With Monet, it didn’t seem to be a matter of balls or bills - but rather just the experience of it all, in some ways similar to performer Matthew Tillman, a 41-year-old spiritual counselor who sits in Union Square twice a week and both offers and accepts donations for his services.
Looking back at Monet after the ruminative moment, I clarified - “So, you said you make people laugh?”
He nodded.
“But - people don’t really laugh at your jokes. Does that bother you?”
He shook his head, this time. “I don’t do it to be liked, man. It’s not about that…I don’t care if people aren’t laughing, because I’m laughing. No matter what - I get my shit. I go, and I release into this world, and I give the world something.”
Monet was poetic. Slightly delusional, but poetic. Still, though - he was an entertainer, and every entertainer dreams of financial success and notoriety. He could keep up the childish naivete, but I wasn’t buying that he was just doing this for the art of it.
“Do you want to be famous?” I asked.
“I spent a lot of time wanting to be famous, but then I realized - why do I want to be famous for a bunch of fools? I think it’s better if I just go somewhere, where people are laughing. That’s all I need - is that laughter.”
Well, he wasn’t getting that in Union Square, but I had to commend him. He was a purist - an honest entertainer in an era of ironic gestures of superstardom. He seemed to be unattracted to the glitter of fame, and really just wanted to make people smile. I couldn’t help but feel warmed by his sentiment, but that didn’t feeling didn’t last long. Just a few seconds later, he looked up at the camera, and chirped -
“Fuck you guys, man. What have you given me?” I wasn’t sure if the question was rhetorical, so I stood silently and waited for him to carry on. “I don’t know the answer to that question. I don’t know.” A moment later, though, Claude Monet’s comedian (sensing the gloom of the conversation) kicked in. “I don’t know, man. This shit’s stupid. I’m just trying to laugh for the rest of my life. I’m trying to smile, and eat tits, and jizz, man. That’s it.”

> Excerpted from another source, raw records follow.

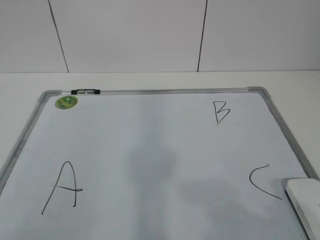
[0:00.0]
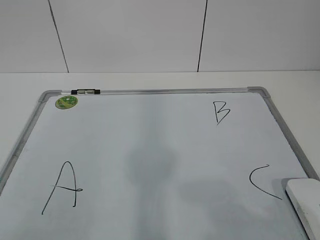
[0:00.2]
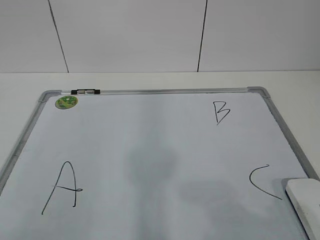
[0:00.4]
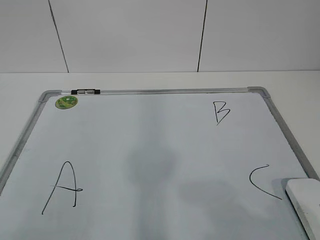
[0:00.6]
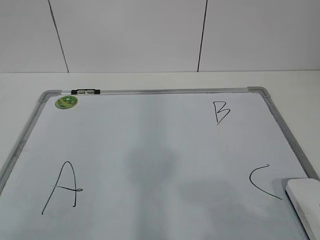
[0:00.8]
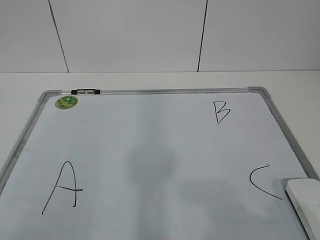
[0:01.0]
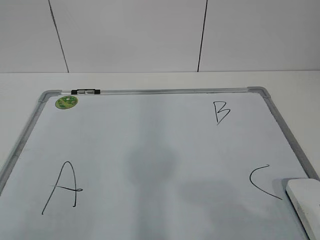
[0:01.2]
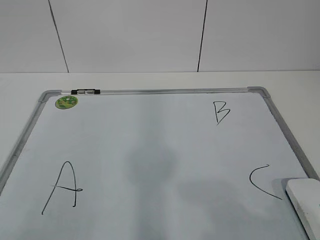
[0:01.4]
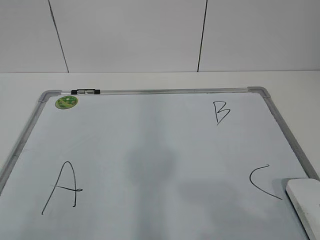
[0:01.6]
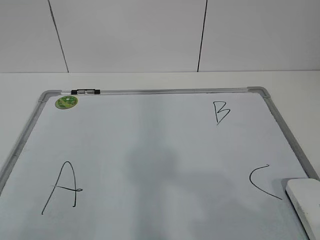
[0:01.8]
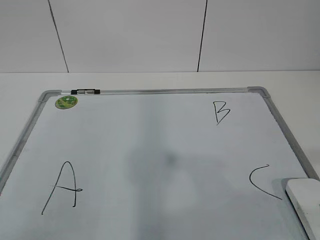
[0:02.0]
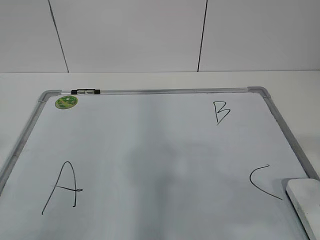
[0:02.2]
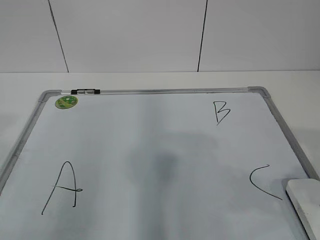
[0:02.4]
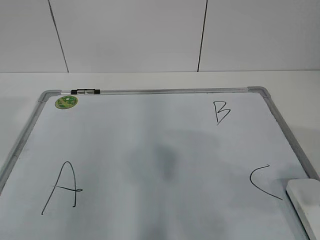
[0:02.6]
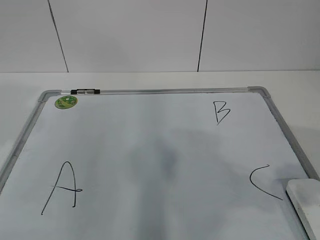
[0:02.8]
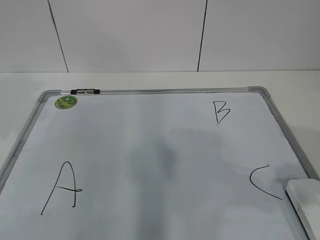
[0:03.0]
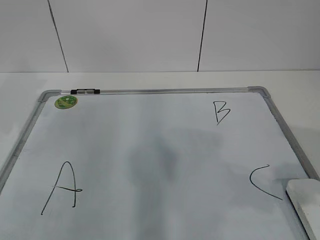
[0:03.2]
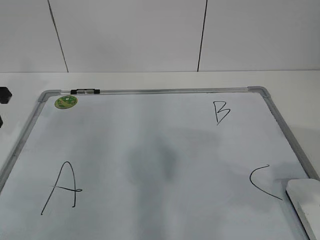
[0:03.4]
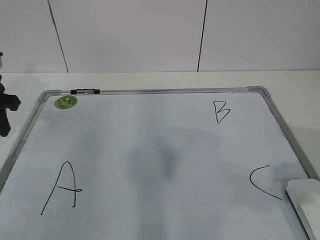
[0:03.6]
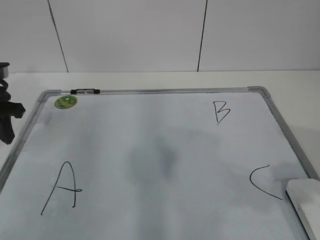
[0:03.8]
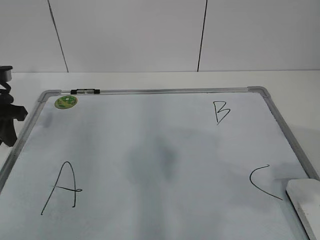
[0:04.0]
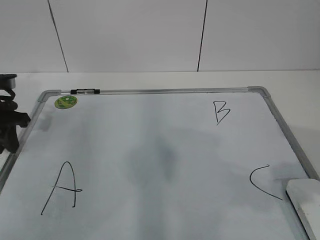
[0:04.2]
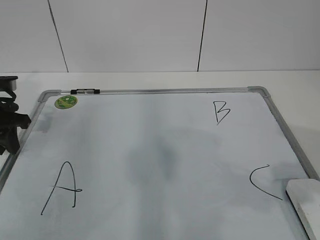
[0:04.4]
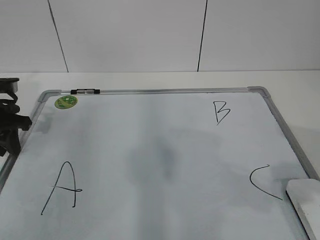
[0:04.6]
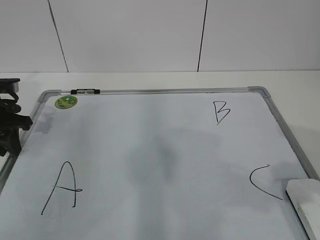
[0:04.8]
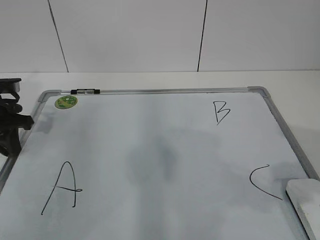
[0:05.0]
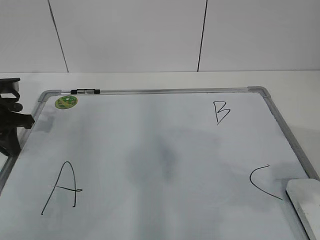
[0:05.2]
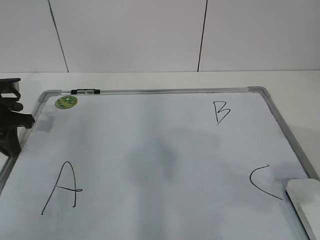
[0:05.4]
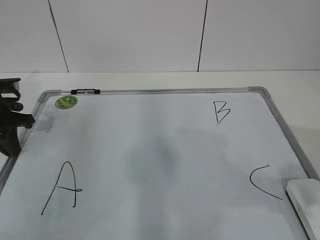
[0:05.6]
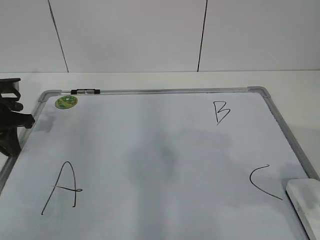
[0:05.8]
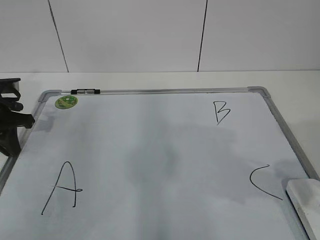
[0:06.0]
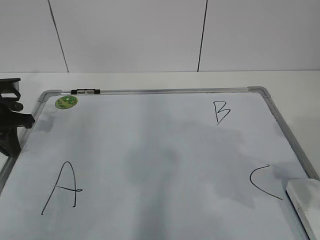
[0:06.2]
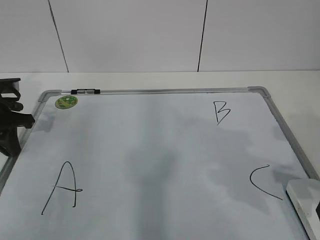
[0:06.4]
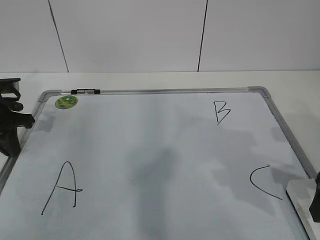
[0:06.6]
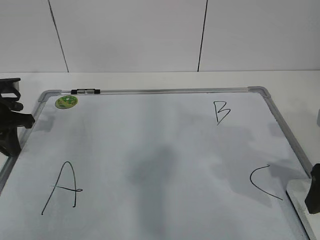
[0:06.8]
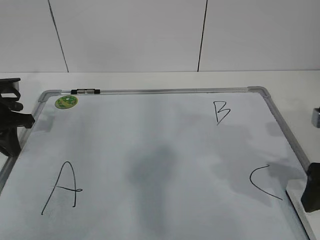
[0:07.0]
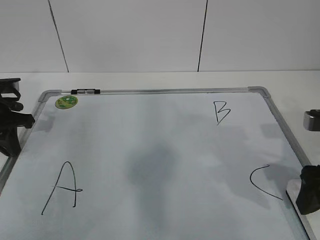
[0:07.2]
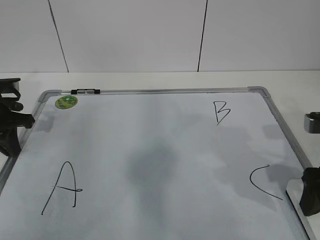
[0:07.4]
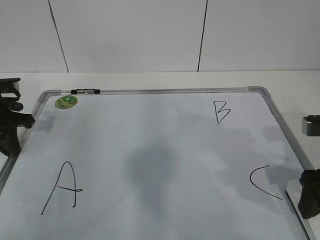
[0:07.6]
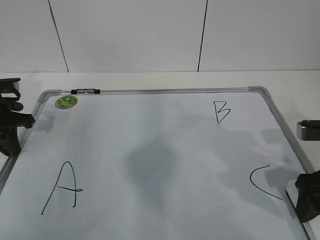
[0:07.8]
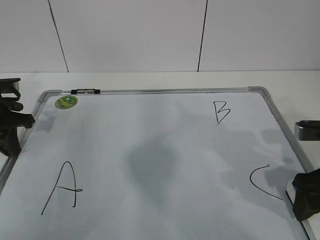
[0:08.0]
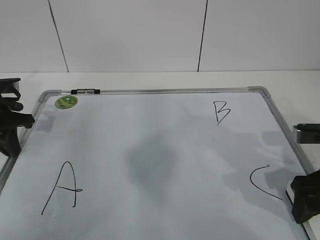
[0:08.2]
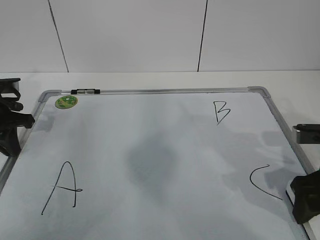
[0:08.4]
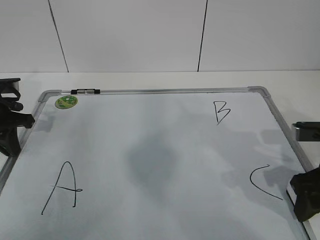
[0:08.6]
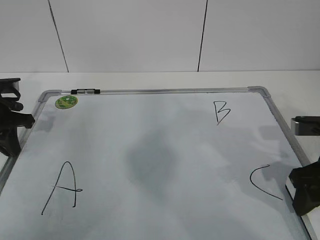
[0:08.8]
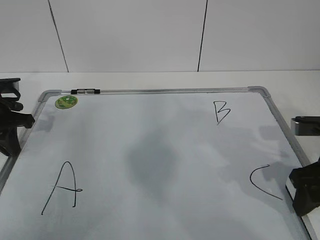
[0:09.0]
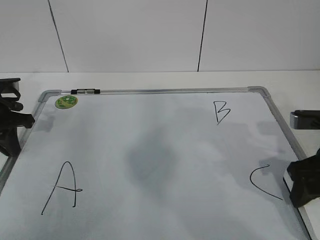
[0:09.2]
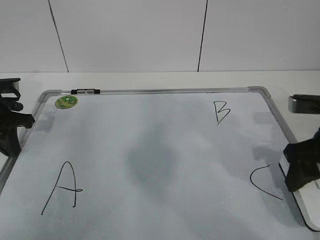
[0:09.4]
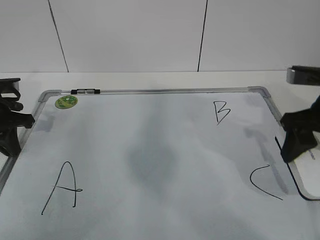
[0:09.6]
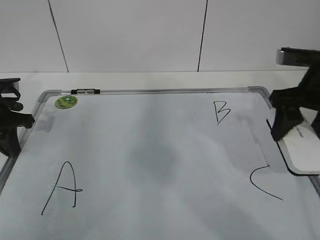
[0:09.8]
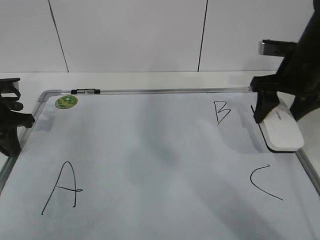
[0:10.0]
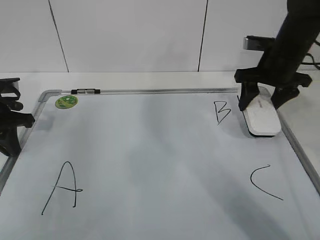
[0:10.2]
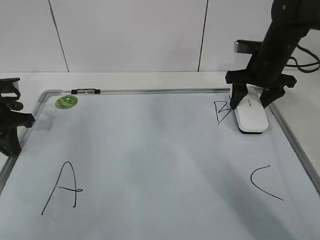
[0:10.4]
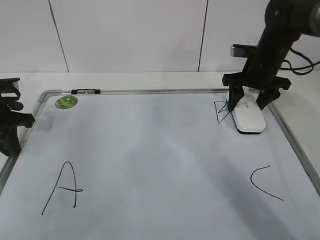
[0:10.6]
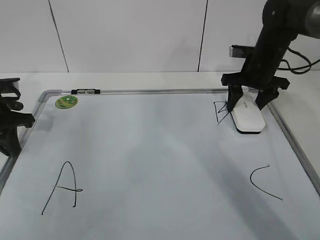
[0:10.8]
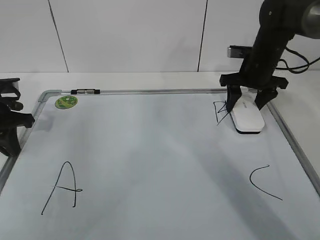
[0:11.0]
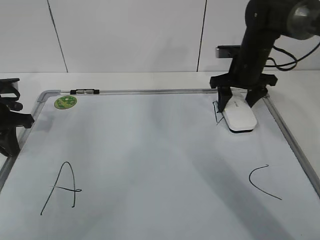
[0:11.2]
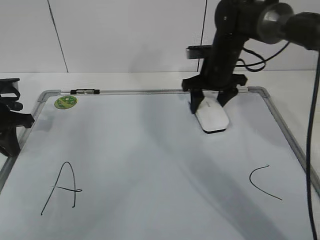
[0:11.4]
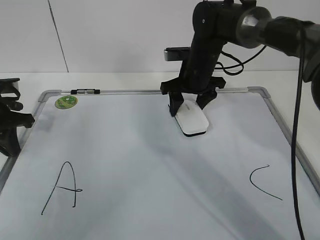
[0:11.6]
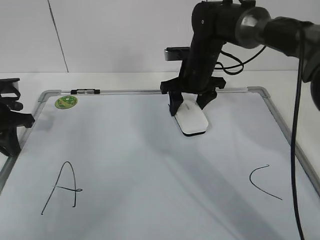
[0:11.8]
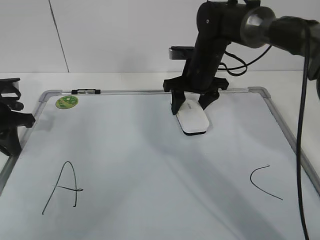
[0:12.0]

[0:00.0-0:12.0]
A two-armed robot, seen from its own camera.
Task of the whole recording: pick up the eraser on the blackboard and erase the letter "B".
Step, 0:00.0 to 0:04.2: Hold the drawing board steady with your left hand.
Step, 0:07.2 to 0:11.8: Erase the letter B with your right hand.
0:01.6 to 0:03.0: The right gripper travels forward by about 10 cm; the left gripper travels forward by approximately 25 cm.
0:03.0 to 0:04.4: The left gripper is displaced downward and forward by roughly 15 cm.
0:04.4 to 0:06.0: The left gripper closes up.
0:06.0 to 0:07.6: The right gripper is displaced forward and downward by some 10 cm.
0:07.6 to 0:09.0: The right gripper closes up.
0:09.0 to 0:10.4: The right gripper is displaced forward by about 20 cm.
0:10.4 to 0:12.0: The right gripper travels to the left by roughly 10 cm.

And in the midst of Monet’s bitter spite, the laugh-less comedian got a laugh. As I keeled over giggling for what felt like a few minutes, he continued to look around - seemingly pleased by his work. He’d finally accomplished the very thing he’d been babbling about for the past ten minutes, and he seemed satisfied. By the time I lifted my head up for a breather, he shook his head at me - as if I’d laughed at the one thing he said that wasn’t a joke.
“That’s just me, man. And shit - I don’t even know why I’m so interesting to you. What the fuck do I do, besides what I want?”

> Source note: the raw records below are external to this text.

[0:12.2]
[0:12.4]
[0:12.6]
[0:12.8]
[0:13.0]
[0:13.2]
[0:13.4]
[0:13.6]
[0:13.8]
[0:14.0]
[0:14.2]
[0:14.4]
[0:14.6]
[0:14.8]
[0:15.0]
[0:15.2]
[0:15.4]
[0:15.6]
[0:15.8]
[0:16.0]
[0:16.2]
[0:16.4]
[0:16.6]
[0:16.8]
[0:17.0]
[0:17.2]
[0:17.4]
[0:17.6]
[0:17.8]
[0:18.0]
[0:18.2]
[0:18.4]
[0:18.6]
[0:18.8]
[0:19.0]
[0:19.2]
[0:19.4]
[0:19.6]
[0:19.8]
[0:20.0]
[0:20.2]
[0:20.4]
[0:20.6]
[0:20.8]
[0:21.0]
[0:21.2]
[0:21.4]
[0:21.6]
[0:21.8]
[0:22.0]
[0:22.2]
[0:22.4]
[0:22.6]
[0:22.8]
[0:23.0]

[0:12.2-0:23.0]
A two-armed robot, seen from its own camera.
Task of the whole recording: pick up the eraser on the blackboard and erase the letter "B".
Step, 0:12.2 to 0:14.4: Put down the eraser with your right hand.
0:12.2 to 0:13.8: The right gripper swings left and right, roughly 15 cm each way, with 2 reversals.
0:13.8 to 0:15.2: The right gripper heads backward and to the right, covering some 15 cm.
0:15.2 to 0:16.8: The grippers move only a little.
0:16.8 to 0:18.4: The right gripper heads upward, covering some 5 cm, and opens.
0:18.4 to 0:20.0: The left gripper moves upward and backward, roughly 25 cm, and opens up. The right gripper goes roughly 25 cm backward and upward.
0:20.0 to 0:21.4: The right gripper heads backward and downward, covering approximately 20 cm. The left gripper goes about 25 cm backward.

Again, I didn’t really have an answer for him. Only another question - why? Why, if he was so intent on comedy, didn’t he just connect with people in regular places like comedy clubs or open mic nights? I didn’t have the courage to ask, and even if I did I expected more of the same frustration. So instead I thought about Wendell, who told me about the obligations that some performers have to themselves. “It’s just part of their personality. Not everybody can do what they do. But hey - desperate times call for desperate measures.”
Apparently the allegedly-homeless guy I’d been speaking with once lived in a time more desperate than the present - stuck in his mother’s home, abidingly doing his calculus, yet forgoing the heartbreak he now endures every day.
Now, Claude Monet might be crazy.
He might also be stifling and bothersome. And he might tell terrible jokes. But, he does what he wants - and that is the reason he’s worthy of attention from the countless people who pass him by and refuse to give him any.
Those people, who either make their way through Union Square to meet a friend, get to work, or go to sleep - likely aren’t taking steps through the park toward their dreams. And even though Monet’s quest is an unglamorous, potentially hopeless, and unbearably painful one to watch - he’s already living his.